In closing, I did a quick Google Search for "autistic people talk about growing up" and there were 176,000 results, but the first results don't appear to be written by an autistic person, although a link to WrongPlanet.net came up as the second result, but after clicking on this link, nothing specific appeared just their home page.

Of course every parent may have something to say about their child's life, autistic or not, but as they age, shouldn't their perspectives become more important?

Struggling to write a description..

...but I came up with this really neat Wordle:



Okay, "Wordles" are not very accessible to screen readers, but it is a neat idea to take a series of words and represent them graphically.  My purpose in creating this was to describe what the posts will be on this blog.  Feel free to share, repost, etc.

What the heck do I mean by "Scarlet Letter Mommy"?

Scarlet Letter Mommy refers to Autistic Motherhood which is actually more like motherhood of an autistic child.  Another meaning of Scarlet Letter Mommy refers to the connotations of having a child “labeled” mildly autistic.

Autism, like any other part of the human condition, is experienced in different ways by different people.  Some people are “high-functioning” and are able to function (or "pass") in the neurotypical world.  Many of these people are saying that this is the way they are and neurodiversity must be more accepted and understood.  Others are more profoundly autistic.

While some of what I experience with my son is just plain old motherhood (I am the mother of an only child), so I have to stop and think more about some of things that my son does or says—is it autism or is it a normal little boy revolting (“I want a new mom!”)?  How do I know the difference?

Well, I’m getting better and better at recognizing it.

Diving right in

For as long as I can remember, I've been a collector of all things autistic/autism.

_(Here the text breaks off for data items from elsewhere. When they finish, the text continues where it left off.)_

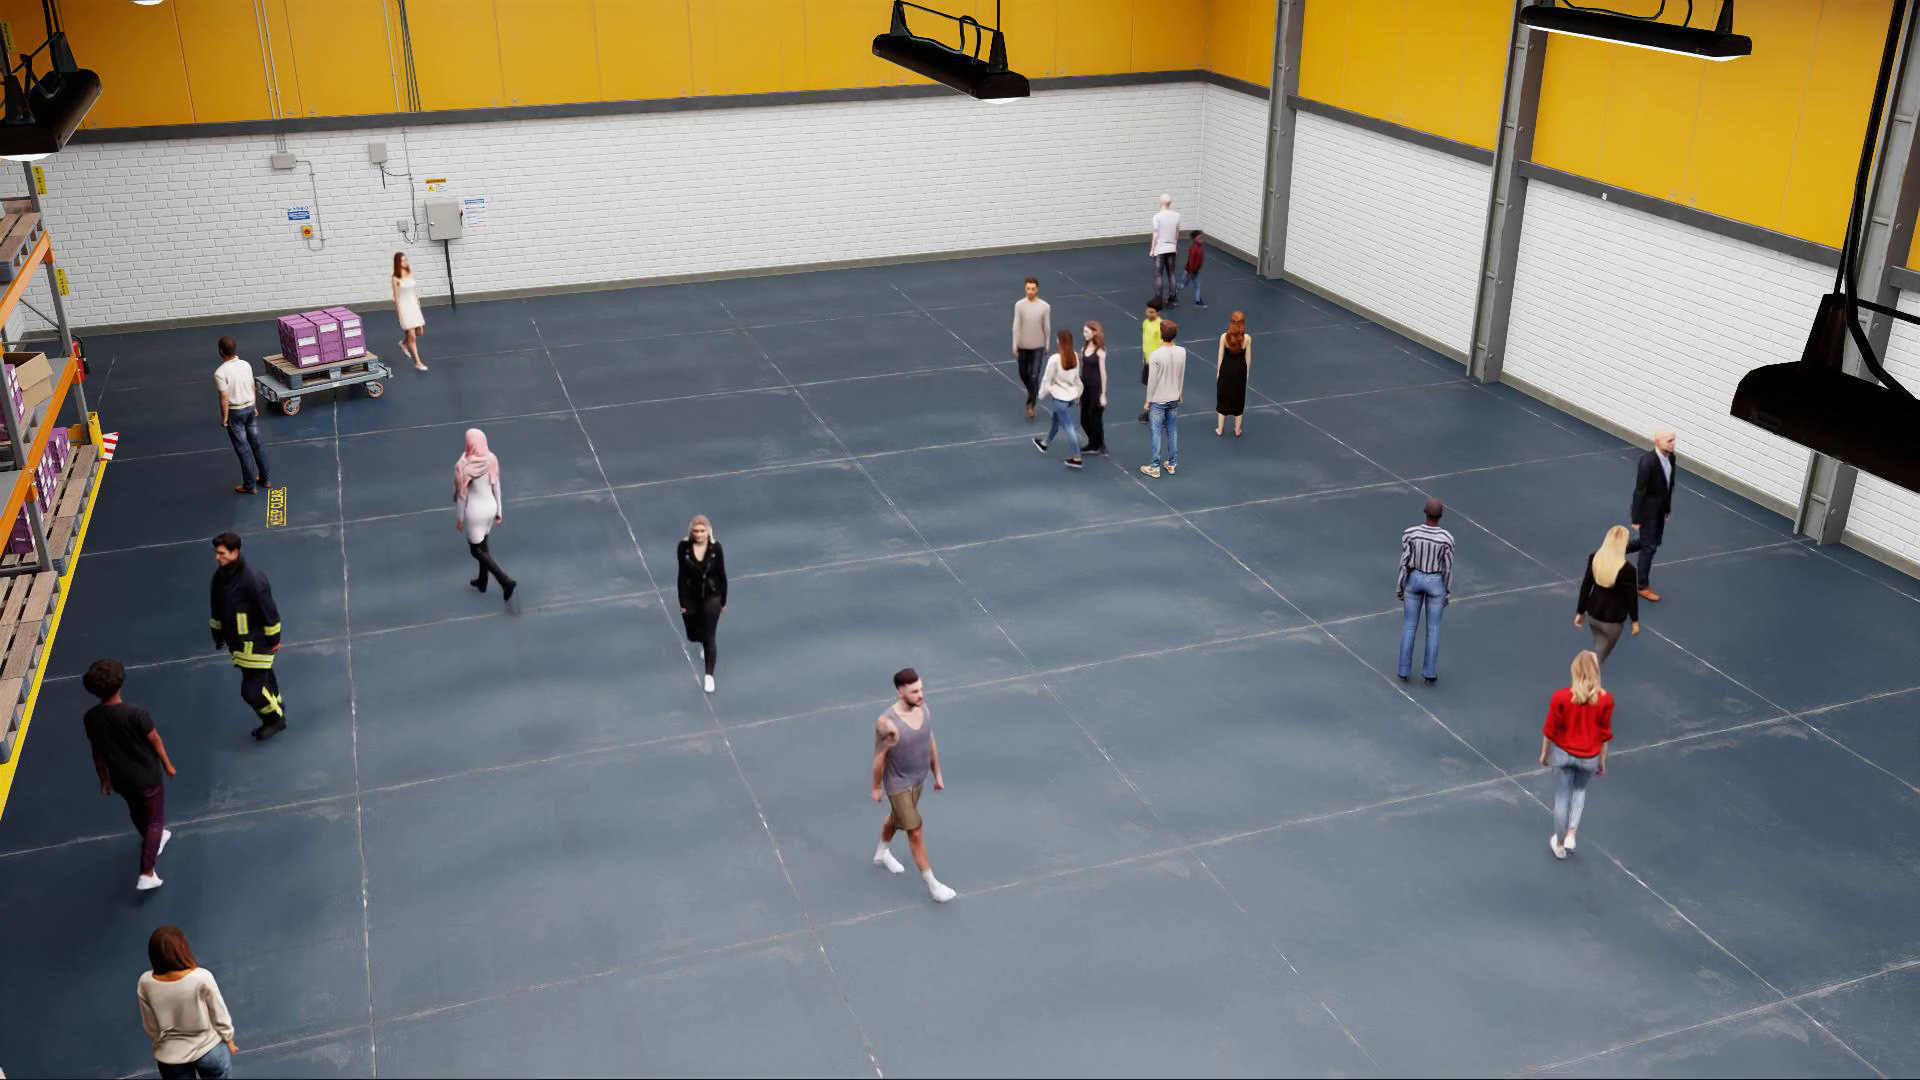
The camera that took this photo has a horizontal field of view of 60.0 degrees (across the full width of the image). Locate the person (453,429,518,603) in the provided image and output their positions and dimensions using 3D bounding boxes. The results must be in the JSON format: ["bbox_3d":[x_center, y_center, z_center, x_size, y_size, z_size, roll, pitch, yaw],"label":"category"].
[{"bbox_3d":[-4.724,-0.220,16.508,1.161,1.784,0.988,18,29,35],"label":"person"}]

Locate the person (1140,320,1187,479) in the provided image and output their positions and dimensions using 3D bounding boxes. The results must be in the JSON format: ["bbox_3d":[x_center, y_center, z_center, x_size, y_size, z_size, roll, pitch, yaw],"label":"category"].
[{"bbox_3d":[2.426,-1.677,19.691,0.672,1.905,0.601,-11,26,-23],"label":"person"}]

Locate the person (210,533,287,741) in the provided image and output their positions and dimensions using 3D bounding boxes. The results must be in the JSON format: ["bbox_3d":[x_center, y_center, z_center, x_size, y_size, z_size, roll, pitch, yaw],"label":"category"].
[{"bbox_3d":[-5.933,0.779,14.063,0.884,1.913,0.972,13,27,28],"label":"person"}]

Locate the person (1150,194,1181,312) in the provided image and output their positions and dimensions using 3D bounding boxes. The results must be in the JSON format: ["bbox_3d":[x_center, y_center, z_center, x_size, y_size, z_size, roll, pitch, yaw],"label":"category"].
[{"bbox_3d":[3.251,-4.582,26.430,0.696,1.831,0.614,-12,26,-26],"label":"person"}]

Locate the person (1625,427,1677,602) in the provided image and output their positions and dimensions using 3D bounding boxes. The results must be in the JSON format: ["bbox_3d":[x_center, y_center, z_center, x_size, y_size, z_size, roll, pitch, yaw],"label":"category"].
[{"bbox_3d":[6.885,-0.318,16.731,0.862,1.785,1.070,-17,29,-33],"label":"person"}]

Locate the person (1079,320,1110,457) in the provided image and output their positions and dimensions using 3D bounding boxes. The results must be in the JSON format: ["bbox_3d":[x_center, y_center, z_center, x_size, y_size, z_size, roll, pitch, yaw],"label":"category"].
[{"bbox_3d":[1.665,-1.831,20.262,0.645,1.729,0.746,20,30,38],"label":"person"}]

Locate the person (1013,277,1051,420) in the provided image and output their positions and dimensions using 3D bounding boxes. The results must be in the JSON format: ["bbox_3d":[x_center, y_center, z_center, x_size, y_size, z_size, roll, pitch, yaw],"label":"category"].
[{"bbox_3d":[0.937,-2.546,21.759,0.988,1.842,1.229,3,24,7],"label":"person"}]

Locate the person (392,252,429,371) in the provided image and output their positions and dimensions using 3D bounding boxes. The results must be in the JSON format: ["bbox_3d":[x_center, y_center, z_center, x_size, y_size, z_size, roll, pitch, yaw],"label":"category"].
[{"bbox_3d":[-7.869,-3.249,23.550,0.989,1.695,0.839,17,29,34],"label":"person"}]

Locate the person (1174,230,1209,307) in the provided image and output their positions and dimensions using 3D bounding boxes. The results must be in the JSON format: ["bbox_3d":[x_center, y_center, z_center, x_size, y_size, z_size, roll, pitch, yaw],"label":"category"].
[{"bbox_3d":[3.666,-4.342,26.632,0.939,1.229,0.829,14,27,28],"label":"person"}]

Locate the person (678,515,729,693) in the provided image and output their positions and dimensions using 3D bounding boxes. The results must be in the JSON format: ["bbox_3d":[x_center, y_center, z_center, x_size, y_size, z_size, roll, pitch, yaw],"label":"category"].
[{"bbox_3d":[-2.317,0.511,14.982,0.746,1.667,0.960,-2,24,-4],"label":"person"}]

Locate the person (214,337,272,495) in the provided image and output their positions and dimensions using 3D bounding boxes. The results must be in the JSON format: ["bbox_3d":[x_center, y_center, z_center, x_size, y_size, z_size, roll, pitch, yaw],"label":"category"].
[{"bbox_3d":[-8.320,-1.458,19.252,0.797,1.855,0.742,11,26,24],"label":"person"}]

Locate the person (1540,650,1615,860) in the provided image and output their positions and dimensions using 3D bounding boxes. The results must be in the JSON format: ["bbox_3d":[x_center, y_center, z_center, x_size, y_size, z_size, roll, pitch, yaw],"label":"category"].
[{"bbox_3d":[4.579,1.647,12.346,0.730,1.698,0.739,4,24,8],"label":"person"}]

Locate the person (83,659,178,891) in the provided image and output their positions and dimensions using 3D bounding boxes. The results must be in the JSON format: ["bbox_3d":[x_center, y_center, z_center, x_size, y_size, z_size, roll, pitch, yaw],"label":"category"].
[{"bbox_3d":[-6.030,1.713,12.116,0.893,1.761,1.164,1,24,1],"label":"person"}]

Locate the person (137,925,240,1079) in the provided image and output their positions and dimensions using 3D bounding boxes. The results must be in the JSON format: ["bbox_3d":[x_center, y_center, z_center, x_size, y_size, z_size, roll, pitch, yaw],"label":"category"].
[{"bbox_3d":[-4.378,2.908,9.480,0.669,1.683,0.631,-2,24,-4],"label":"person"}]

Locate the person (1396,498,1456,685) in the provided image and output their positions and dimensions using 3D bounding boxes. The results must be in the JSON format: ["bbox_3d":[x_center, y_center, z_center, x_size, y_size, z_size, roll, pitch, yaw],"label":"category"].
[{"bbox_3d":[4.178,0.460,14.939,0.695,1.796,0.745,9,25,20],"label":"person"}]

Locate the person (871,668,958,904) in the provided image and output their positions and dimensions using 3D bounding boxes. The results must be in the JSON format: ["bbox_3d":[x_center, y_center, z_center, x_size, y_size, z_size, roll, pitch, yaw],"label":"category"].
[{"bbox_3d":[-0.461,1.729,12.178,1.252,1.796,0.998,21,31,39],"label":"person"}]

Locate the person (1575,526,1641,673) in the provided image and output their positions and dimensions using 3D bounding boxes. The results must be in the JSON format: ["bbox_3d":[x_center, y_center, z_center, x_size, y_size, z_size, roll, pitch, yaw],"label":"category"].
[{"bbox_3d":[5.444,0.765,14.209,0.760,1.822,0.748,-14,27,-29],"label":"person"}]

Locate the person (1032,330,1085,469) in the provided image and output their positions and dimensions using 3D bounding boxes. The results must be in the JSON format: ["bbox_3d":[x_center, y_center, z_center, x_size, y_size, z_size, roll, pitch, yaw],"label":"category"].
[{"bbox_3d":[1.298,-1.653,19.964,0.905,1.643,1.174,-21,31,-39],"label":"person"}]

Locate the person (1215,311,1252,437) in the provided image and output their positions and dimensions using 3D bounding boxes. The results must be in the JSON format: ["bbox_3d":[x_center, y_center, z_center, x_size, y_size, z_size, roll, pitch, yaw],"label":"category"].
[{"bbox_3d":[3.448,-2.104,21.019,0.647,1.624,0.676,1,24,3],"label":"person"}]

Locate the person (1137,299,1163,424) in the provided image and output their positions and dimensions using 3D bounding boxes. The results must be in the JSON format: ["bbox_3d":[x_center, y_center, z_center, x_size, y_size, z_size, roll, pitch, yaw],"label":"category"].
[{"bbox_3d":[2.545,-2.316,21.437,0.673,1.677,0.548,-5,24,-11],"label":"person"}]

I helped my dear friend Nan Songer organize the huge amounts of information she had (several large size 3-ring binders) and now as I am the mother of a HFA child, I keep my eyes peeled for new things, good or bad.

One of my latest endeavors was to start a Google Scholar alert for "autistic culture" and this entry arrived in my email today:

http://www.statemaster.com/encyclopedia/Aspergian

Talk about expansive! But really, how serious can I take any page that has a block ad for DirecTV (highlighting the NFL no less) right after the header "Prevalence."

And I really wanted to see what Hans Asperger looked like (this page had an outdated link I guess). So a quick Google check and I found him! See picture at right.  Knew the name but never saw the face!  Now if I can just figure out how to add captions to photos or at least alt text in this blog, things will get better.